Hay Festival 2013: 'Irritating' silent letters could become obsolete

Leading linguist David Crystal tells the Telegraph Hay Festival 2013 that in 50 years' time silent letters will be dropped from many common words, thanks to the internet.

The internet will make English misspellings acceptable, according to one of the country’s most senior linguists, who predicts that in 50 years’ time many common words will be spelt without “irritating” silent letters.

David Crystal, currently professor of linguists at Bangor University, told the Telegraph Hay Festival that it would be “inevitable” that people would drop the ‘p’ from receipt, and change the ‘c’ from necessary into a ‘s’, as well as “simplifying” other words.

“Is it one ‘c’ and two ‘s’s in necessary or two ‘c’s and one ‘s’? It doesn’t actually matter at the end of the day. At the moment it matters, but over time one spelling will emerge and probably a simpler spelling will emerge.”

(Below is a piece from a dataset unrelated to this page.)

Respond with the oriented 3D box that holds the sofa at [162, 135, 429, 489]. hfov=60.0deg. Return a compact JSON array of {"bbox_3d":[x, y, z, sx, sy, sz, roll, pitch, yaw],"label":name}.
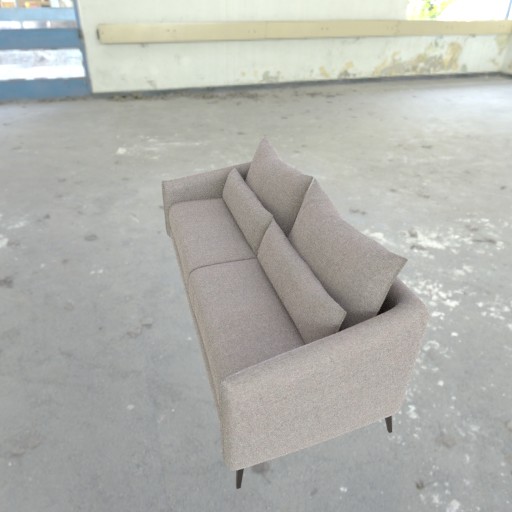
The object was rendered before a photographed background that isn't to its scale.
[{"bbox_3d":[0.000,0.000,2.395,0.809,0.833,2.022,-8,31,-14],"label":"sofa"}]

Prof Crystal said that he started monitoring the word “rhubarb” a decade ago, by typing in the correct spelling into a search engine, and then typing in the word without the ‘h’. He said: “I got millions of hits for rhubarb with the ‘h’, and just one or two without the ‘h’. I did the same job a few years later, and without the ‘h’ got hundreds of hits, and then a few years later hundreds of thousands of hits. Rhubarb is still the dominant one by a factor of 50. But think ahead 50 years – and that this is the time frame over which spellings change – and rhubarb with the ‘h’ and rhubarb without ‘h’ will be equal.”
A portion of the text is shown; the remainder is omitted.